A powerful affiliation for the spaces between words yields, in Davidson’s work, a sensitivity to demographic and cultural tectonics. Uncommonly aware of the cataclysmic historical suffering of the Russian people, several poems here pay indirect respects to those whose voices would not be silenced in the totalitarian tide. Words…

‘of art sewn into coats and backpacks,
writers editing themselves into the city.’ (‘Kyiv Writers’)

Anna Akhmatova was one example, committing words to inviolate memory where the written text might otherwise convict. Davidson’s tone is one almost of resignation as he is overwhelmed by the onrush of history – ‘The roar of trains / Approaching is the turbulence of centuries’ (‘Metro’); there is, in fact, no light between the approach and the metaphorical uproar.
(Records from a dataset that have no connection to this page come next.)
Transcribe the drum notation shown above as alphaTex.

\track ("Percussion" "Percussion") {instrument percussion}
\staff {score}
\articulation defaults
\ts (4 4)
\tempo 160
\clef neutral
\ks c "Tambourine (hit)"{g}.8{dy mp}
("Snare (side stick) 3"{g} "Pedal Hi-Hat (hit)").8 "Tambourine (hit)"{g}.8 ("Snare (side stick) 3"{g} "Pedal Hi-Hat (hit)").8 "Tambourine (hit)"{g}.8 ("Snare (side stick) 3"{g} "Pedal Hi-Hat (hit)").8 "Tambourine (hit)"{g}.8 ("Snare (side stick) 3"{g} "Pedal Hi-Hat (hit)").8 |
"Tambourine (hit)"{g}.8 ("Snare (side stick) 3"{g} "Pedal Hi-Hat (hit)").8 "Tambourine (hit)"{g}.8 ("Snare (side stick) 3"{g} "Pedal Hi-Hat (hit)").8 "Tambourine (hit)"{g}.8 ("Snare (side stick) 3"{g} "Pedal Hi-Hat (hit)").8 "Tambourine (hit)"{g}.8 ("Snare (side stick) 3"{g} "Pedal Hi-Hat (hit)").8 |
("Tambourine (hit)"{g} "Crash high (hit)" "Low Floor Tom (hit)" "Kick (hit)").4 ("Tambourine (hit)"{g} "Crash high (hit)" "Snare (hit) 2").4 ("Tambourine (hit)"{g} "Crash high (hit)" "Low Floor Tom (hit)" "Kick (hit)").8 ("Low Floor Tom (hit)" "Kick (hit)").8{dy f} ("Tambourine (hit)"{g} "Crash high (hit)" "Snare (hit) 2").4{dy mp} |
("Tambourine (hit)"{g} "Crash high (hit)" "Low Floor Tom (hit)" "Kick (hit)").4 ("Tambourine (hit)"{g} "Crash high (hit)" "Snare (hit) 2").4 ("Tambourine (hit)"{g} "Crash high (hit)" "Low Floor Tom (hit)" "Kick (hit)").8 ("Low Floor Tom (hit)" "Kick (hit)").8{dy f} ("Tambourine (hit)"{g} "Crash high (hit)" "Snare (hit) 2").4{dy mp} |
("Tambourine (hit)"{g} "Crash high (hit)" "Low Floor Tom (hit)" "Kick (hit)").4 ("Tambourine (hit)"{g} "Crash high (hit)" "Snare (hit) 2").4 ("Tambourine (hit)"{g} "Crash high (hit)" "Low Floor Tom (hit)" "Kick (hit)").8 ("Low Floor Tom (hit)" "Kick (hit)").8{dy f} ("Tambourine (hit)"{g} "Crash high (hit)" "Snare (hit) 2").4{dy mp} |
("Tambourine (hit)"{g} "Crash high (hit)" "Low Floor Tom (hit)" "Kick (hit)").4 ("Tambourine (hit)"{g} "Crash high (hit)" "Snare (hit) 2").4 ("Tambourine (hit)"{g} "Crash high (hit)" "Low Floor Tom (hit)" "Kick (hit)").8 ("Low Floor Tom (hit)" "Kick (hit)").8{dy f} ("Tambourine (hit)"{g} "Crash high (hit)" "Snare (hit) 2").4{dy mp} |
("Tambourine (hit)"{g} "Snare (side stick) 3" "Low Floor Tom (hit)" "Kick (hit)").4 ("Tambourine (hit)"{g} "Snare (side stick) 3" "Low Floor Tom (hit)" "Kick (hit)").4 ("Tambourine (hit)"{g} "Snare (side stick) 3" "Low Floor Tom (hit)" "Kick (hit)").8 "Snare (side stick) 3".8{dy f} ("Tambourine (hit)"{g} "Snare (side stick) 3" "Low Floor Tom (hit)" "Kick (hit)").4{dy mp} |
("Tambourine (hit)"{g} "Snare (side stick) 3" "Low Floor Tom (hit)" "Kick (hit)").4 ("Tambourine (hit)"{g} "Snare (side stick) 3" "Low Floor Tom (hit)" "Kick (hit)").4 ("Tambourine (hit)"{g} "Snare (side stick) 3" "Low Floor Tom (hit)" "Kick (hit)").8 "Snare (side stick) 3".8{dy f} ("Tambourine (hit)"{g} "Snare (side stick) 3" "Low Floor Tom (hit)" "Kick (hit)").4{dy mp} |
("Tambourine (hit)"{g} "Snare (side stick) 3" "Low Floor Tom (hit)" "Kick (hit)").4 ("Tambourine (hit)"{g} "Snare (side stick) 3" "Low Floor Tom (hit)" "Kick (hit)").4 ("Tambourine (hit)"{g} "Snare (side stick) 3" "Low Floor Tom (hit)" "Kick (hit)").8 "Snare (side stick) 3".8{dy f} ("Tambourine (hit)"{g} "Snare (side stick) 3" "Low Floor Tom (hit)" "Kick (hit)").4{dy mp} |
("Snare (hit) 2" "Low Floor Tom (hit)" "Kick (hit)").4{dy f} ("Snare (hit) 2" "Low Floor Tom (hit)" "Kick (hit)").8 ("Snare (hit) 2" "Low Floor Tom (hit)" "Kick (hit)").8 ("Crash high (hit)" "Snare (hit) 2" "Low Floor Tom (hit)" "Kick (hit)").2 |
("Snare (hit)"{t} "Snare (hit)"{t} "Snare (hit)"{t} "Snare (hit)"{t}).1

Returning to the earth in his final pages - though it is characteristic of an instinct for the inveigling power of suggestion that he should announce the presence of ‘nature poems that aren’t about nature’ – Davidson steps out of the persuasively blood-soaked annals of the English Civil War (‘We Set Our Guns’) and into the wooded gorges of a present England. He observes boundaries neither temporal nor natural; his liking for trees is corollary to a sense of continuity, not born of a proclivity for ‘salvation’. His preparedness to give way on the platform, to subordinate his own poems to those he admires unequivocally, embodies a generosity of spirit which is sometimes lacking in our landscape of introspection.

It is entirely typical of him to describe, in a footnote, the brevity of one of his own fine poems (‘Quiet the afternoon after rain’) as a ‘good’ thing, as though two quatrains was somehow merciful. More typical, too, of Jonathan Davidson to yield the floor to Ann Atkinson in a very beautiful poem about being in and of nature as opposed to an observer en passant:

‘The music of the gorge is white water,
its constant industry of flow, the brook
full of itself and urgent for the river,
shifting wood, moving rock, carving stone.' (‘Padley Woods: June 2007’)



A Commonplace: Apples, Bricks & Other People’s Poems is published by smith|doorstop.